Haystack, the latest app allowing drivers to sell access to a parking space, blazed across the Internet this month after Boston Mayor Martin Walsh threatened to ban it. Valleywag called it a "scourge." The Awl compared it to profiteering off access to clean water. The haters have it wrong though: The apps aren't screwing over the public -- local governments are.
Following on the heels of MonkeyParking, Haystack is a recent Baltimore-based entry that borrows heavily from car service Uber for its look and feel. If you're new to the grey market of sell-your-parking-spot apps, take a look at the promotional video. The premise is simple: A driver about to leave a parking spot can use the software to sell the space to another app-using driver cruising for parking. Haystack also has a "make me move" feature where users offer to move their vehicles for the right price, even if they hadn't planned on going anywhere.
The video itself is a bit much. Over cheery music, a smiling young woman about to drive around Baltimore says things like, "Together, we did our part to make our neighborhood a little greener."
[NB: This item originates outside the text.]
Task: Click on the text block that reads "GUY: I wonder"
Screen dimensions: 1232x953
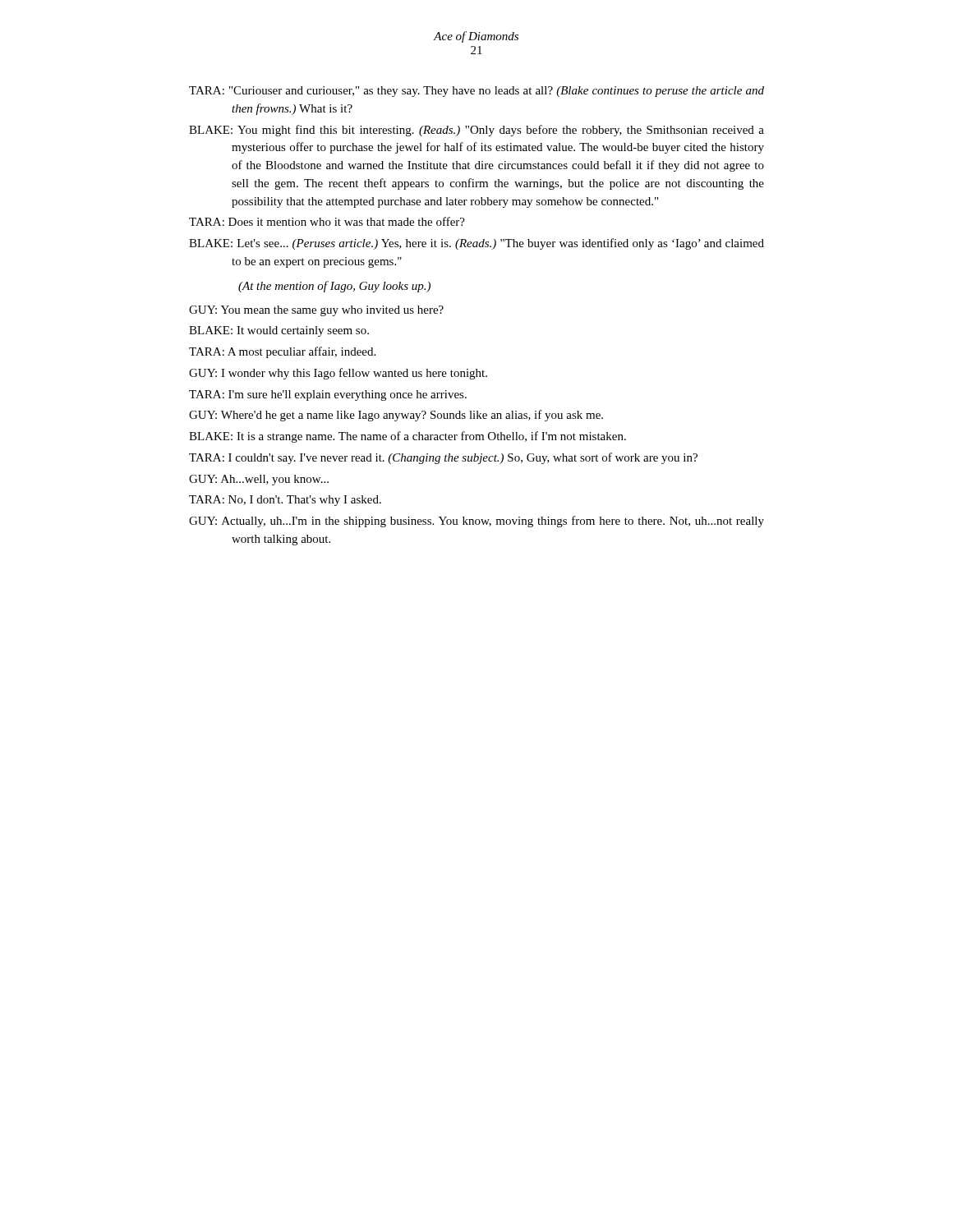Action: (x=338, y=373)

Go ahead and vomit at the smugness of the marketing campaign. But putting a price on curbside parking isn't a bad thing. It's just that these apps are a poor substitute for real public policy that manages the curbside parking supply for the public good.
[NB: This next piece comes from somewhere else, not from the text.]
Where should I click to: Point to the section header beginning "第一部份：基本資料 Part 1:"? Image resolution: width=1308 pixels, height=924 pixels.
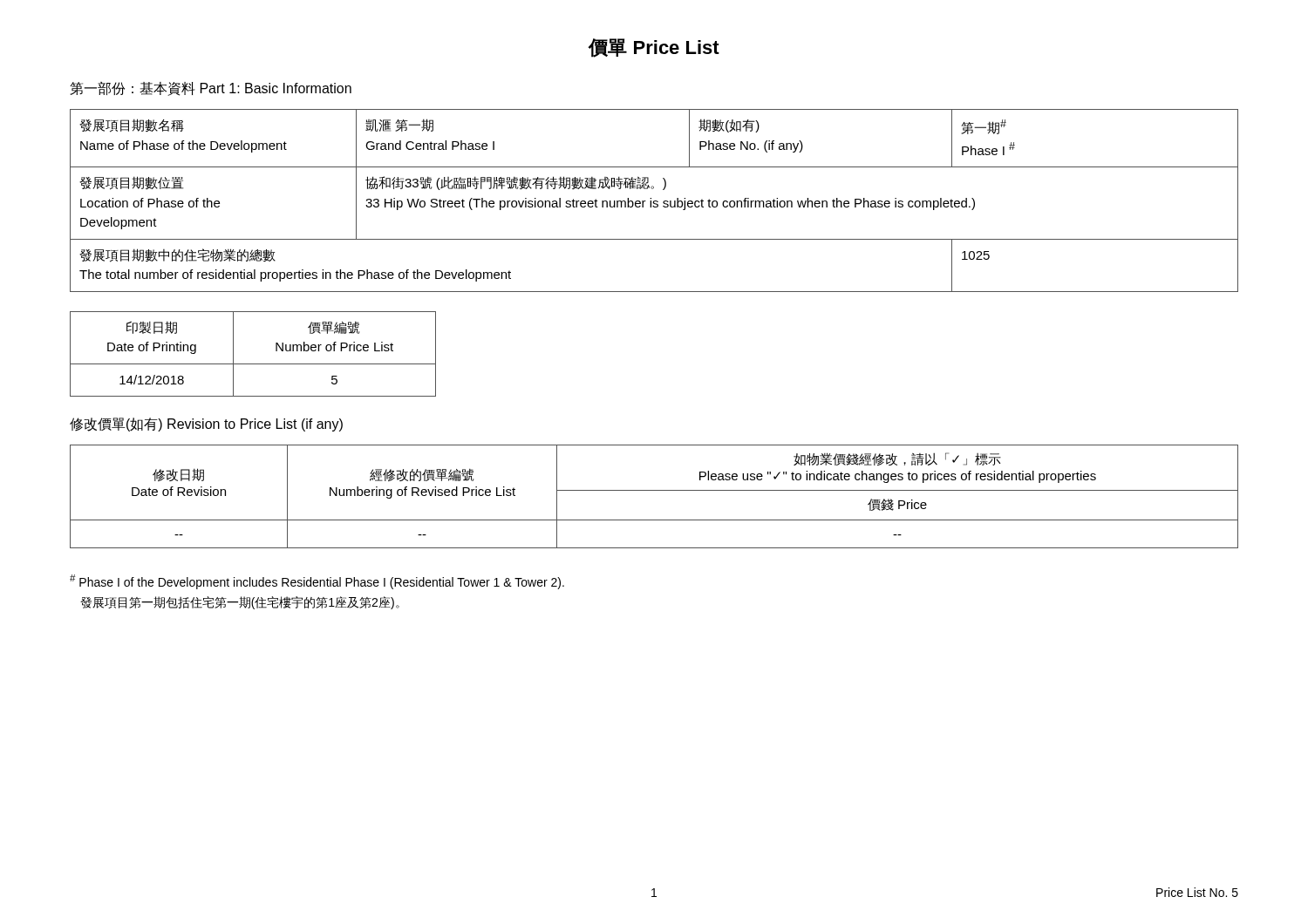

The ability to store private vehicles for free on scarce public street space is not an inalienable human right, nor does it make cities more equitable. In fact, underpriced car storage has a whole host of negative consequences. In New York, for example, most parking is free or underpriced, so there usually aren't too many open spots. That leads drivers to circle in vain, clogging the streets and slowing down transit. With a better system of curbside parking management, New York would have faster buses, better air quality, and safer streets -- not to mention less double-parking, fraud, and maybe even physical violence.
And if cities actually charged the optimal price for parking, the value of curbside parking spaces would be captured by the public instead of being pocketed by a small population of app users. Governments could use the money to improve schools, or transit, or to make streets safer for walking and biking.
So far, most cities have demonized the apps without confronting their own broken parking policies. In a statement against Haystack, Boston Mayor Martin Walsh said the app "may artificially inflate the cost of spaces." But if people are willing to pay more for the ability to access a parking spot, local governments and the public they serve are the ones missing out on the benefits. The status quo that Walsh is defending is essentially a subsidy for parking that hinders transit and street safety.
It's easy to get mad at parking-for-profit app makers. The object of derision, though, should be local governments and the political refusal to change policies that created an opening for these apps in the first place.